A relação entre o governo do presidente Luiz Inácio Lula da Silva (PT) e o Congresso Nacional voltou a se deteriorar após as recentes operações da Polícia Federal relacionadas ao uso de emendas parlamentares. O episódio ampliou o desgaste entre o Palácio do Planalto e as principais lideranças do Legislativo, incluindo os presidentes do Senado, Davi Alcolumbre (União Brasil-AP), e da Câmara dos Deputados, Hugo Motta (Republicanos-PB).
Segundo informações do Estadão, Alcolumbre atribui ao governo influência nas investigações e na decisão do ministro do Supremo Tribunal Federal (STF), Flávio Dino, que determinou o bloqueio de bens do presidente do PL, Valdemar Costa Neto, além da suspensão da execução de emendas parlamentares que estão sob investigação.

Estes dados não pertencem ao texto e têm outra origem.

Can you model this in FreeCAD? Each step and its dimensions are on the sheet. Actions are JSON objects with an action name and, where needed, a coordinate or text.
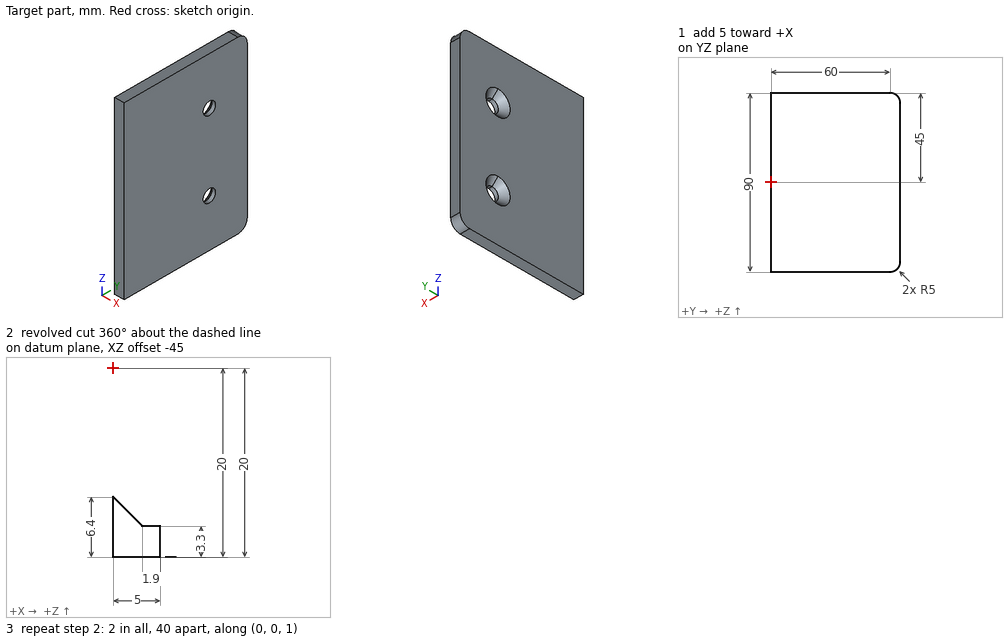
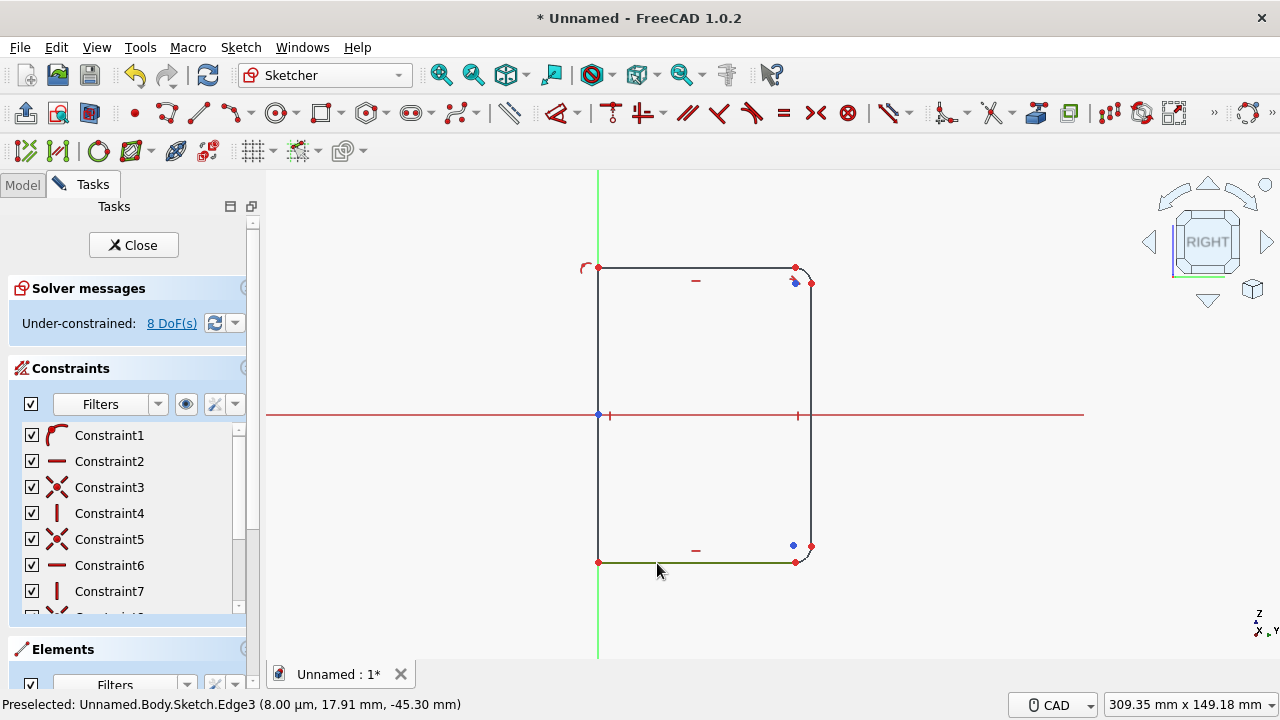
{"action": "left_click", "coordinate": [806, 558]}

Em meio ao cenário de tensão, o Partido dos Trabalhadores intensificou uma campanha nas redes sociais para pressionar o Senado a votar, antes do recesso parlamentar, a Proposta de Emenda à Constituição (PEC) que prevê o fim da escala de trabalho 6×1. A mobilização utiliza a hashtag “Aprova Senado” e reúne manifestações de dirigentes e lideranças da legenda, que defendem a análise da proposta ainda nesta semana.

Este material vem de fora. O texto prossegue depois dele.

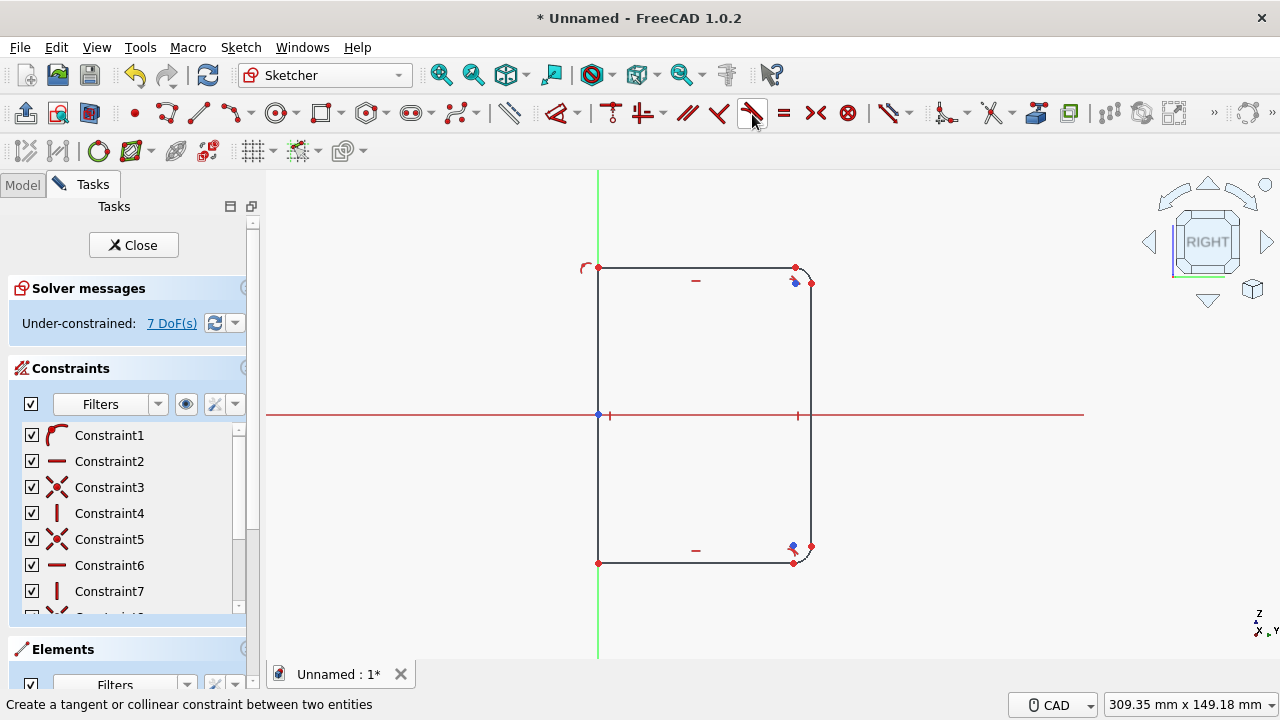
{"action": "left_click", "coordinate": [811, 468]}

O clima de confronto entre Executivo e Legislativo também pode afetar o andamento de outras pautas consideradas prioritárias pelo governo federal. Entre elas estão a PEC da Segurança Pública e a Medida Provisória do Frete, cuja validade está próxima do vencimento.
Nos bastidores do Congresso, parlamentares avaliam que o aumento da crise política e o avanço das investigações envolvendo emendas parlamentares tendem a dificultar as negociações entre os Poderes, podendo adiar a votação de projetos estratégicos para o governo.